戦よりも鷹狩りが好き♡本多忠勝も「いい加減になされ!」と呆れた徳川家康の熱中ぶりがコチラ (4/5ページ)
「わしがこうして戯けた振る舞いに及ぶのは、そなたらに武幸を得させんがためじゃ」
総大将たる家康が、あえて鷹狩りに興じることで、忠勝らが伸び伸びと戦える……そんな理屈でしょうか。

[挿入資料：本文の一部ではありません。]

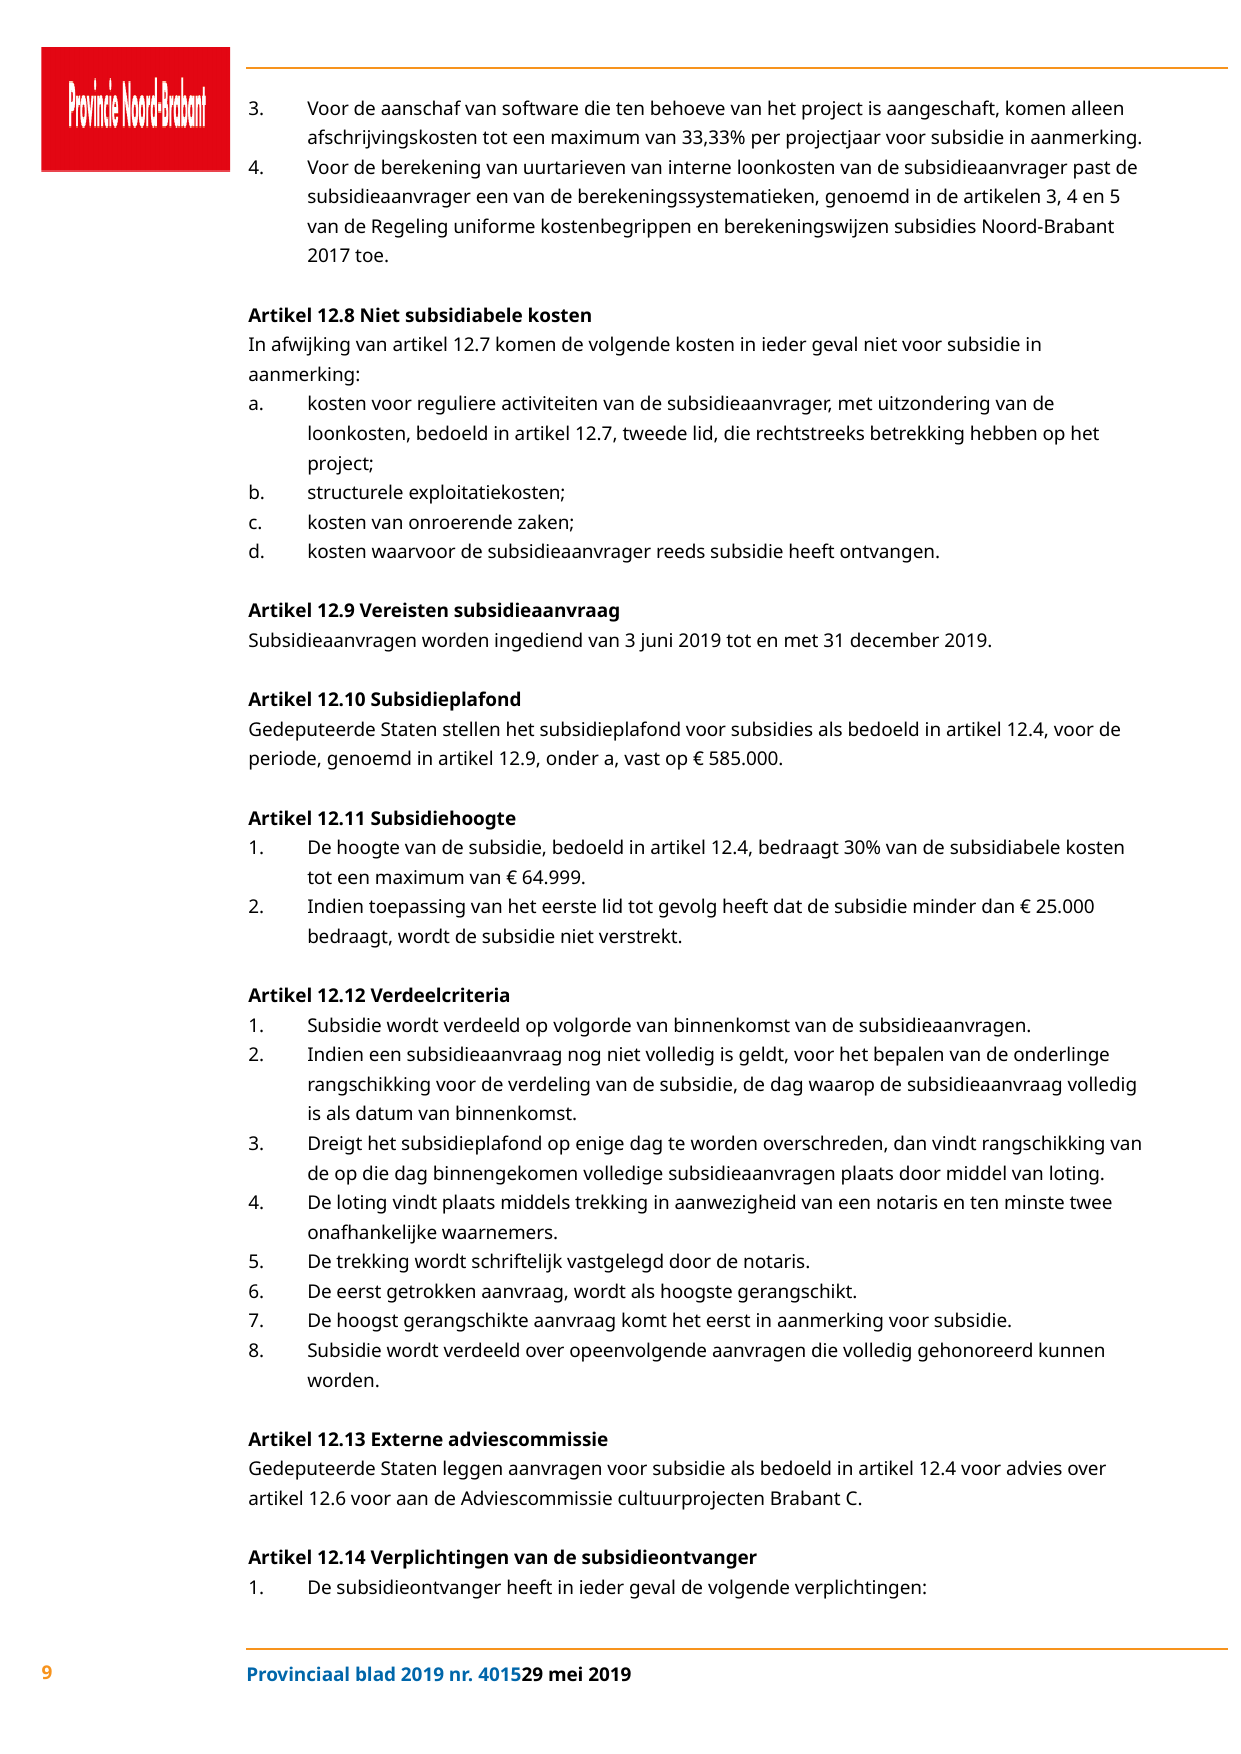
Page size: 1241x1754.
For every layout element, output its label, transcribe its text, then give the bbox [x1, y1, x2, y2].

忠勝は狸に化かされたような思いで引き下がったことと思われます。
鷹狩りにはメリットたくさん!
……また常に人に御物語ありしは。おほよそ鷹狩は遊娯の為のみにあらず。遠く郊外に出て下民疾苦。土風を察するはいふまでもなし。筋骨労動し手足を軽捷ならしめ。風寒炎暑をもいとはず奔走するにより。をのづから病など起ることなし。その上朝とく起出れば宿食を消化して。朝飯の味も一しほ心よくおぼえ。夜中となれば終日の倦疲によて快寝するゆへ。閨房にもをのづから遠ざかるなり。これぞ第一の摂生にて。なまなまの持薬用ひたらんより。はるかにまされりとの仰なり。されば御好の深くおはしませしは。元より遊略に耽らせたまふにもあらず。一つは御摂生のため。一つには下民の艱苦をも近く見そはなし。山野を奔駈し身体を労動して。兼て軍務を調練し給はんとの盛慮にて。かの晋の陶侃といへるが。